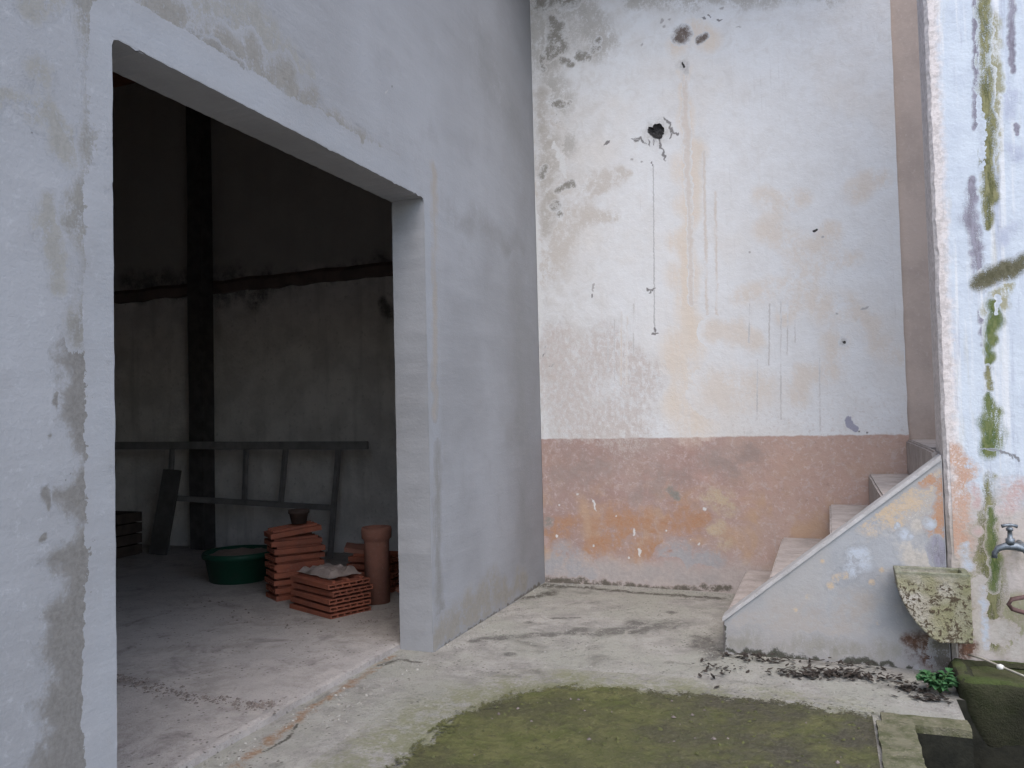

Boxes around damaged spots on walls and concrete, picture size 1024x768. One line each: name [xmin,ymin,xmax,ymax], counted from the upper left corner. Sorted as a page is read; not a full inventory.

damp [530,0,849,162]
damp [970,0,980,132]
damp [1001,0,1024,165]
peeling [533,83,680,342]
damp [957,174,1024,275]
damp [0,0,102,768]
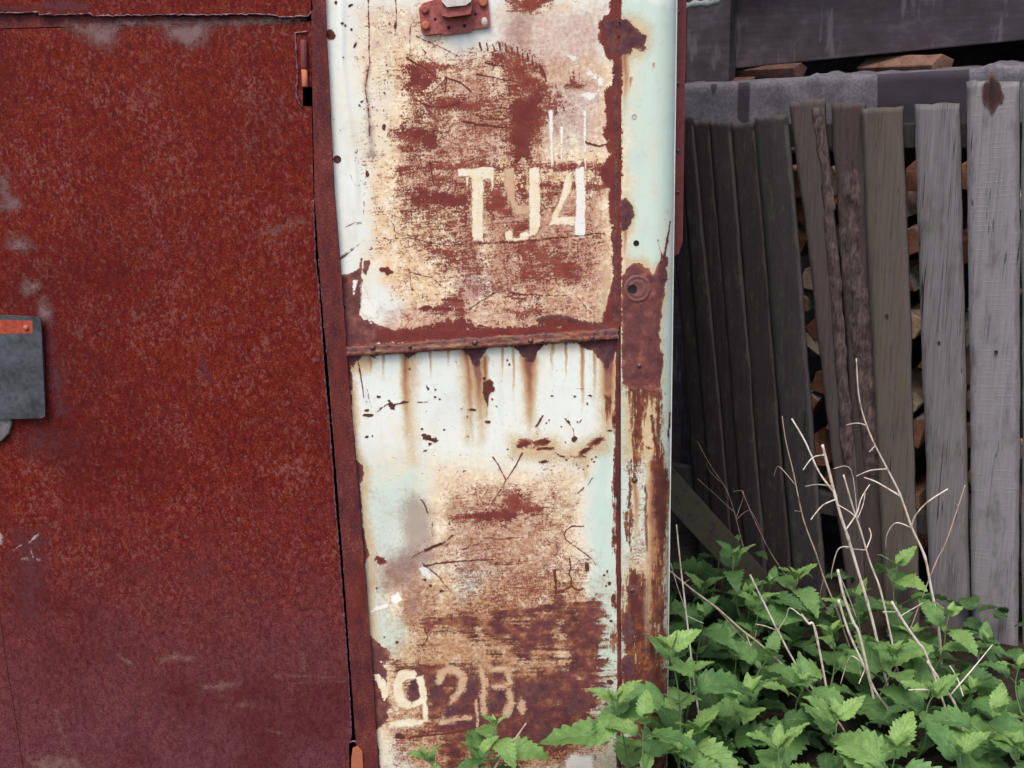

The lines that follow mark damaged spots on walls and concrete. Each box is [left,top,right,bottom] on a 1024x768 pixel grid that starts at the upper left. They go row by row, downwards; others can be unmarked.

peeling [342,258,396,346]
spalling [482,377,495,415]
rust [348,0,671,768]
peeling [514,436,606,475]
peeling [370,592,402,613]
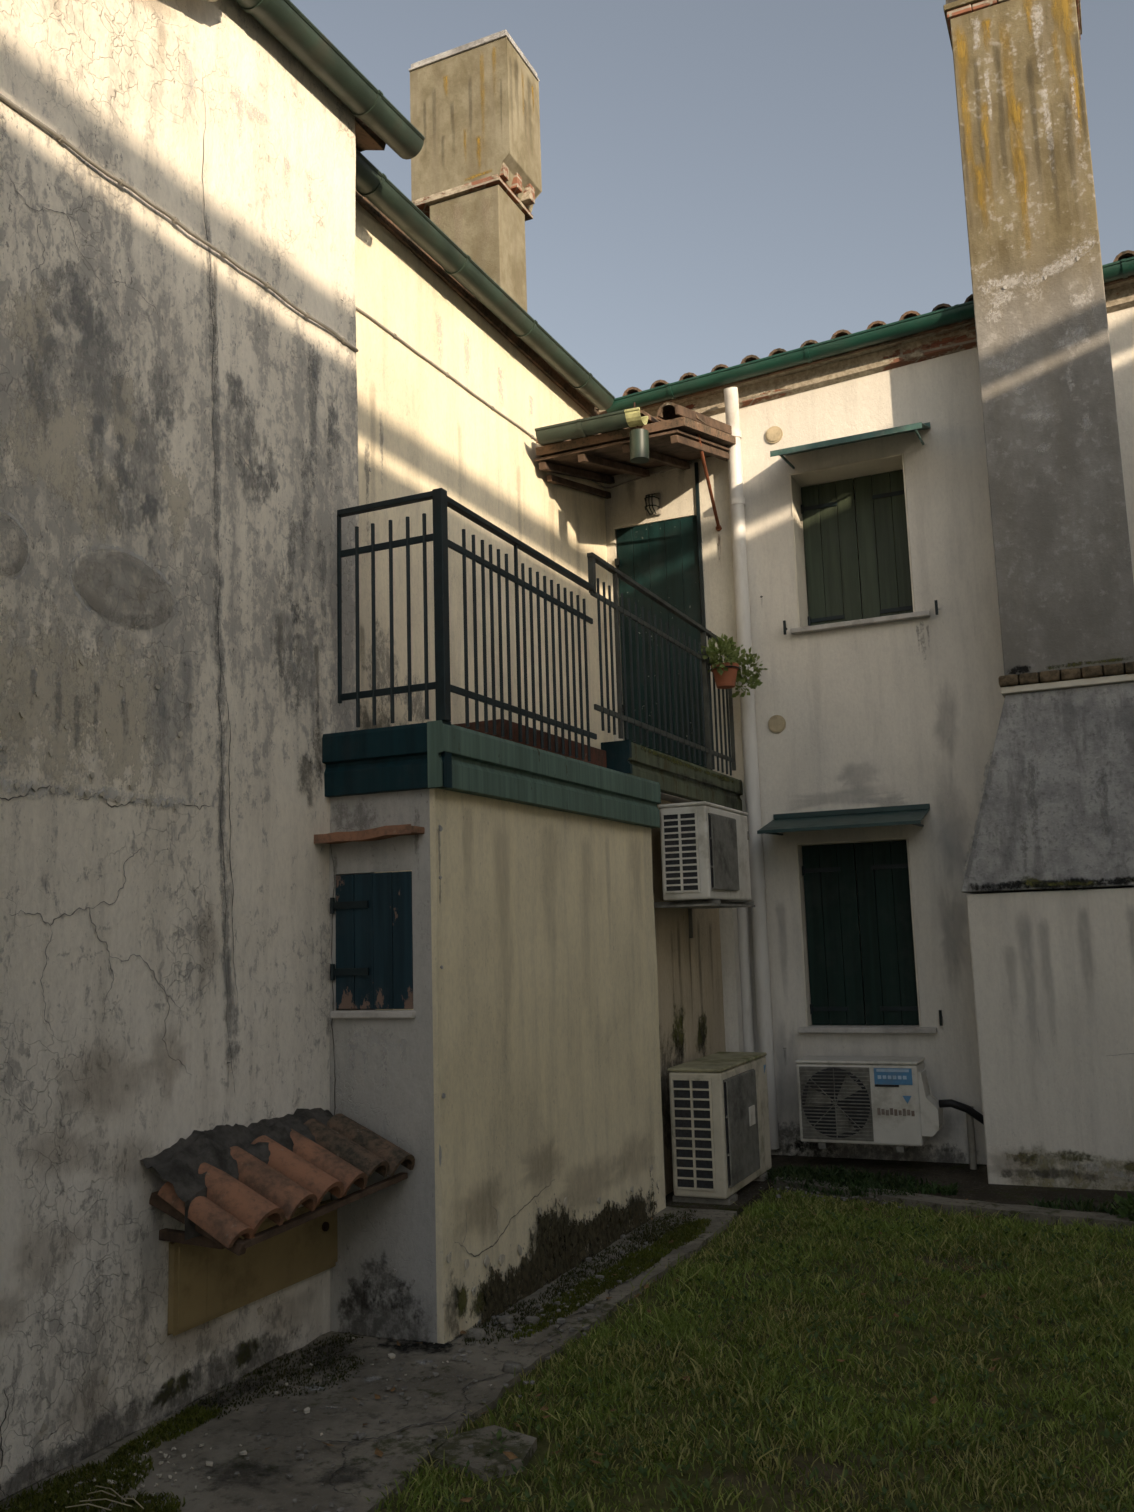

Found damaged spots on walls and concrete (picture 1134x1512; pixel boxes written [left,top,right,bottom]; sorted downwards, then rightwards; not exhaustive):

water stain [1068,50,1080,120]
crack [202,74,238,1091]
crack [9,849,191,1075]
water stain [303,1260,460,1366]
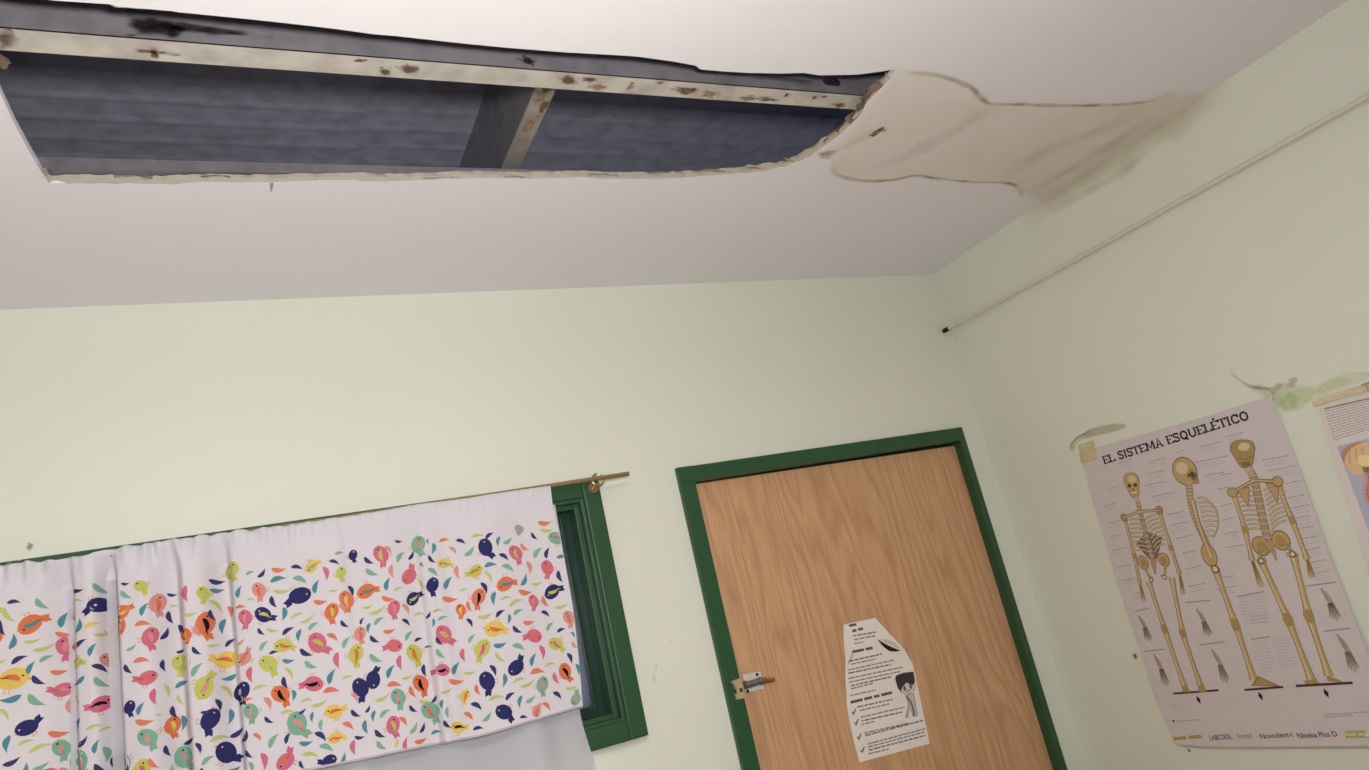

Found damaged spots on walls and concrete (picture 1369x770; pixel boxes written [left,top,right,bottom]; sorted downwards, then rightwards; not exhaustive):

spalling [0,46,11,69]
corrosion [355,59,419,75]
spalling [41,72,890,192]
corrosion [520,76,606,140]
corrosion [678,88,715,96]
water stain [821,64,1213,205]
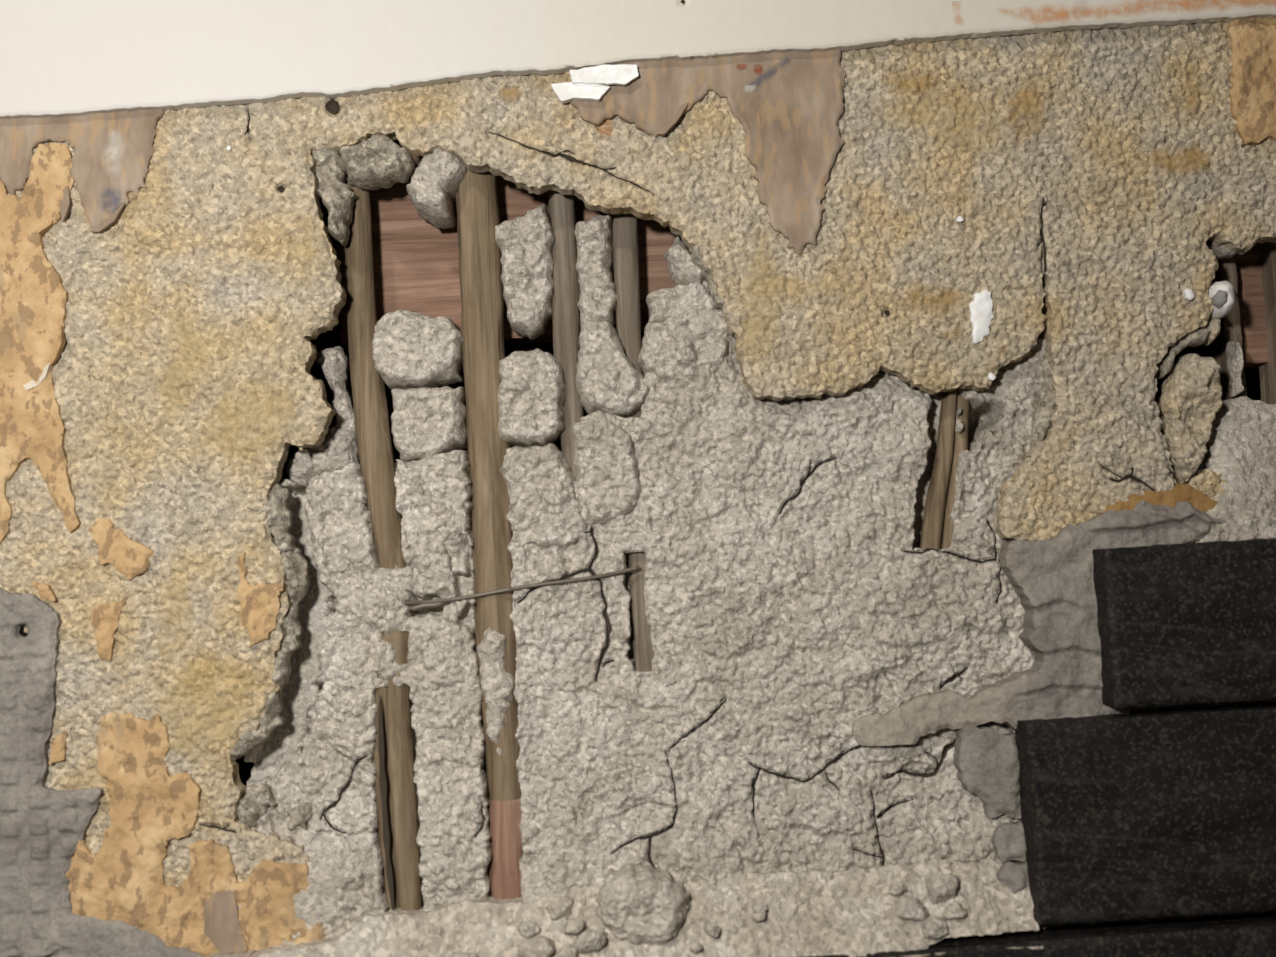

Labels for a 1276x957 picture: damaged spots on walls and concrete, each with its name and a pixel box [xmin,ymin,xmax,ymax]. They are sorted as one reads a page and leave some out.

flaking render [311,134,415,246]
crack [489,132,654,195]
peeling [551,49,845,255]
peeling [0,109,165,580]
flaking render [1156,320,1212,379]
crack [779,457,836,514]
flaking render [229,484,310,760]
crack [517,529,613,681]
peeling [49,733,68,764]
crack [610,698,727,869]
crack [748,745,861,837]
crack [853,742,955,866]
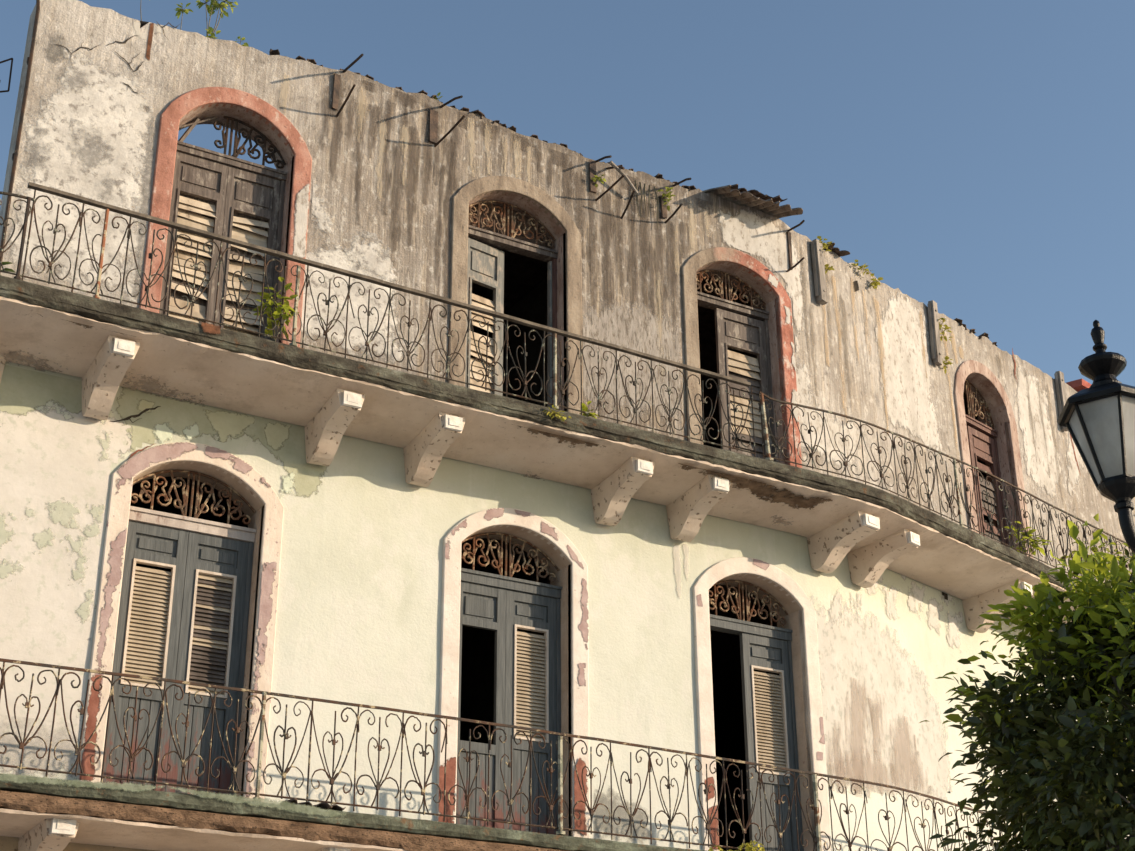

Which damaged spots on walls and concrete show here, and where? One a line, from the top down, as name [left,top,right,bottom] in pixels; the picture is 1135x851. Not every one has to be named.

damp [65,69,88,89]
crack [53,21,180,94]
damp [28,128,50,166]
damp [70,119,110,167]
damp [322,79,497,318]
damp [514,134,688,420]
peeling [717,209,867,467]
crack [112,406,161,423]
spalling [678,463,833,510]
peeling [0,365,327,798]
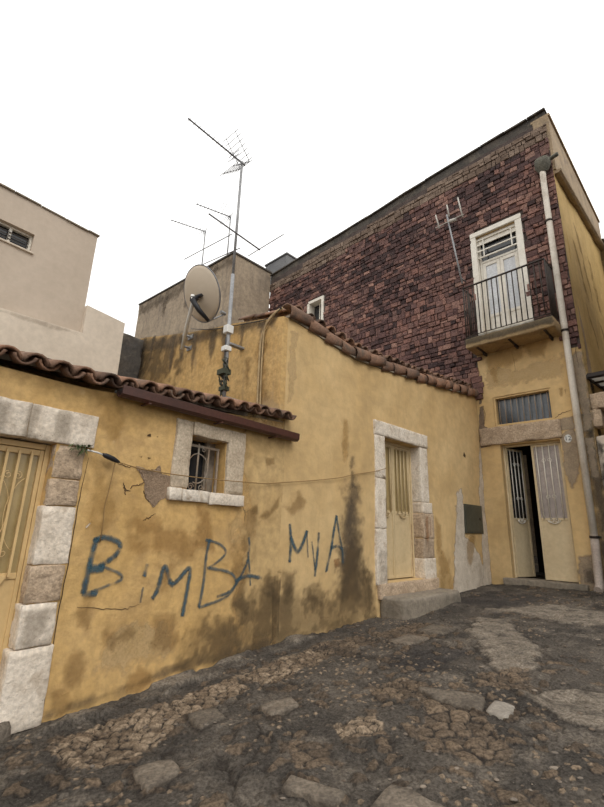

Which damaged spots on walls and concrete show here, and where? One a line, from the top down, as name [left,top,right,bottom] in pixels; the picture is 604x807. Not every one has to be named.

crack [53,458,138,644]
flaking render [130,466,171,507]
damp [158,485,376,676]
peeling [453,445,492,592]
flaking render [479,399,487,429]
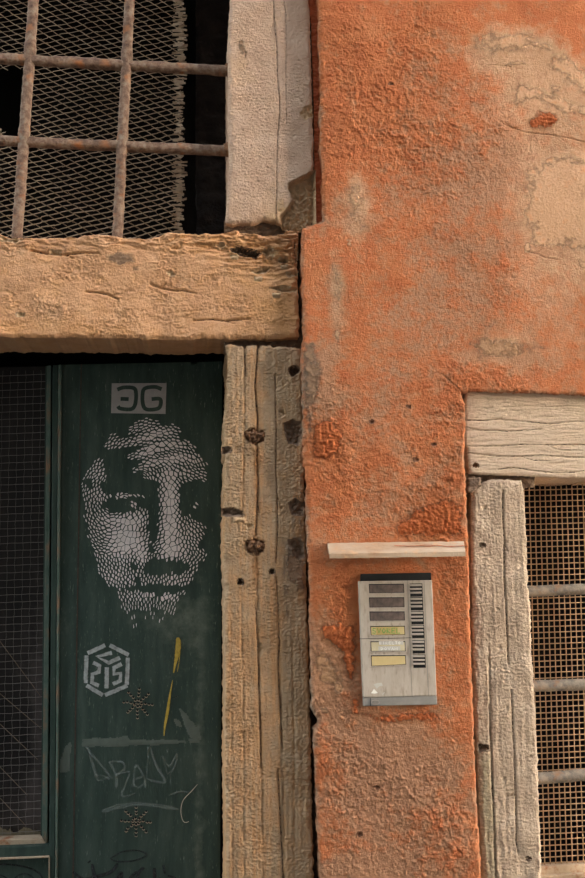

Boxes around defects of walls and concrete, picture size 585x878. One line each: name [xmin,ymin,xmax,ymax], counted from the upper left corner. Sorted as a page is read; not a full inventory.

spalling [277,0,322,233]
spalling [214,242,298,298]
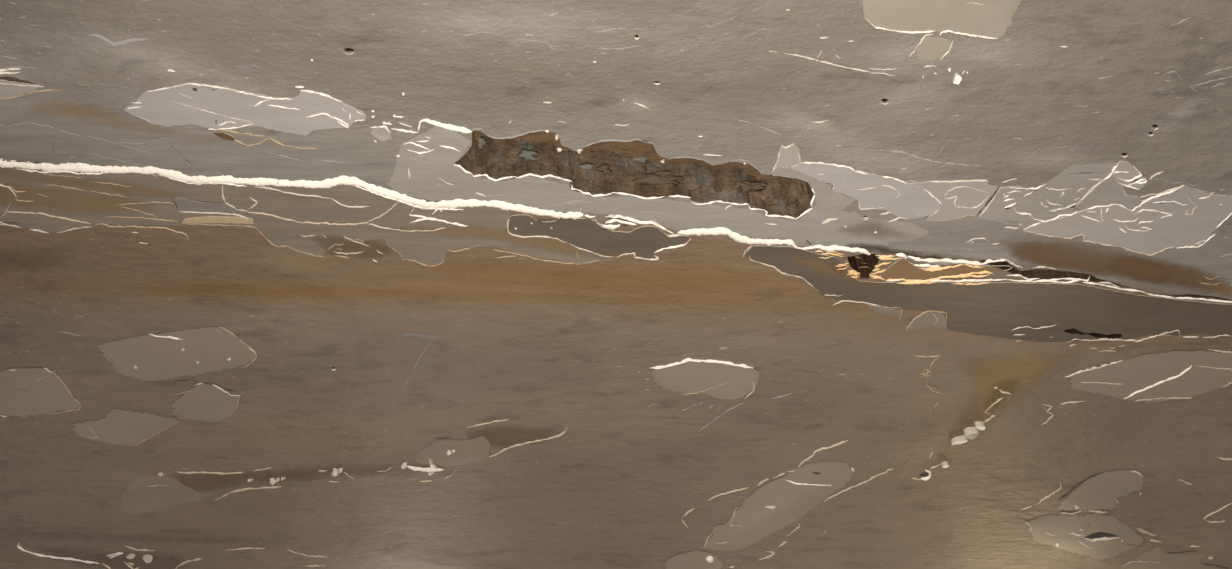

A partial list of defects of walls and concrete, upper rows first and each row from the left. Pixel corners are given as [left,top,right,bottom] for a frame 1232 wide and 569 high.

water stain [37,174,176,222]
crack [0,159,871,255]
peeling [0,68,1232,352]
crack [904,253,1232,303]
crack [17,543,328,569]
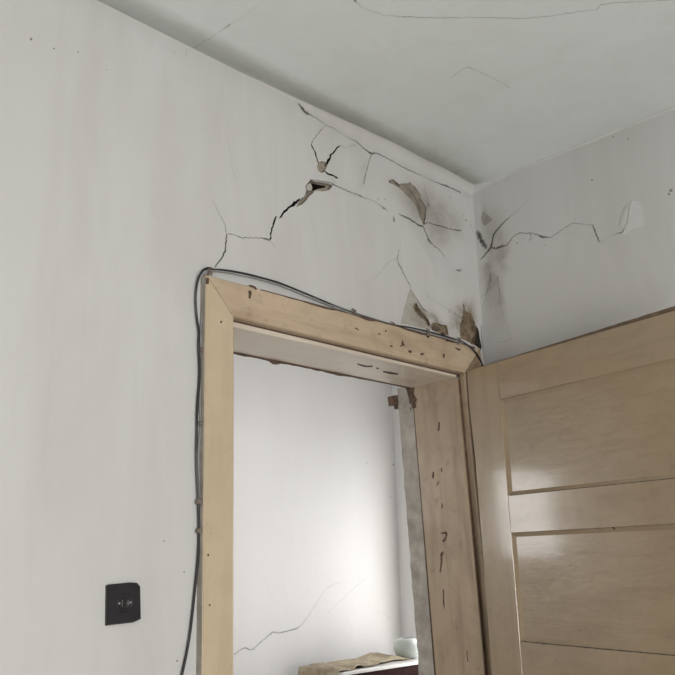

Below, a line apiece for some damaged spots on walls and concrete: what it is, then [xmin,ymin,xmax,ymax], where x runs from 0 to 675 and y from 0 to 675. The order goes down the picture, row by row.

--------------------

Please return all of the material above exactly, minus any pictures.

Boxes around damaged spots on walls and concrete, picture size 1024x768. One line each: name [xmin,ymin,xmax,ymax], counted from the upper left corner. Sorted as a page is read; not a full inventory.

damp [530,0,849,162]
damp [970,0,980,132]
damp [1001,0,1024,165]
peeling [533,83,680,342]
damp [957,174,1024,275]
damp [0,0,102,768]

The lines that follow mark damaged spots on walls and concrete. Each box is [left,top,right,bottom] on a 1024x768 pixel grid that starts at the upper left. They go row by row, downwards; others can be unmarked.

peeling [342,258,396,346]
spalling [482,377,495,415]
rust [348,0,671,768]
peeling [514,436,606,475]
peeling [370,592,402,613]

Found damaged spots on walls and concrete (picture 1134x1512; pixel boxes written [left,top,right,bottom]; sorted downwards, then rightwards; not exhaustive):

water stain [1068,50,1080,120]
crack [202,74,238,1091]
crack [9,849,191,1075]
water stain [303,1260,460,1366]

Found damaged spots on walls and concrete (picture 1369x770; pixel boxes written [left,top,right,bottom]; sorted downwards, then rightwards; not exhaustive):

spalling [0,46,11,69]
corrosion [355,59,419,75]
spalling [41,72,890,192]
corrosion [520,76,606,140]
corrosion [678,88,715,96]
water stain [821,64,1213,205]

Labels for a 1276x957 picture: damaged spots on walls and concrete, each with its name and a pixel box [xmin,ymin,xmax,ymax]. They are sorted as one reads a page and leave some out.

flaking render [311,134,415,246]
crack [489,132,654,195]
peeling [551,49,845,255]
peeling [0,109,165,580]
flaking render [1156,320,1212,379]
crack [779,457,836,514]
flaking render [229,484,310,760]
crack [517,529,613,681]
peeling [49,733,68,764]
crack [610,698,727,869]
crack [748,745,861,837]
crack [853,742,955,866]

Which damaged spots on walls and concrete show here, and where? One a line, from the top down, as name [left,top,right,bottom] in pixels; the picture is 1135x851. Not every one has to be named.

damp [65,69,88,89]
crack [53,21,180,94]
damp [28,128,50,166]
damp [70,119,110,167]
damp [322,79,497,318]
damp [514,134,688,420]
peeling [717,209,867,467]
crack [112,406,161,423]
spalling [678,463,833,510]
peeling [0,365,327,798]

Which damaged spots on walls and concrete show here, and where? One a line, from the top down, as name [left,top,right,bottom] in pixels; the picture is 604x807. Not every one has to be named.

crack [53,458,138,644]
flaking render [130,466,171,507]
damp [158,485,376,676]
peeling [453,445,492,592]
flaking render [479,399,487,429]

Boxes around defects of walls and concrete, picture size 585x878. One line each: name [xmin,ymin,xmax,ymax], counted from the upper left corner. Sorted as a page is read; not a full inventory.

spalling [277,0,322,233]
spalling [214,242,298,298]

A partial list of defects of walls and concrete, upper rows first and each row from the left. Pixel corners are given as [left,top,right,bottom] for a frame 1232 wide and 569 high.

water stain [37,174,176,222]
crack [0,159,871,255]
peeling [0,68,1232,352]
crack [904,253,1232,303]
crack [17,543,328,569]

Below, a line apiece for some damaged spots on walls and concrete: what it is, then [xmin,ymin,xmax,ymax], where x runs from 0 to 675 and y from 0 to 675. The order goes down the picture, row by row.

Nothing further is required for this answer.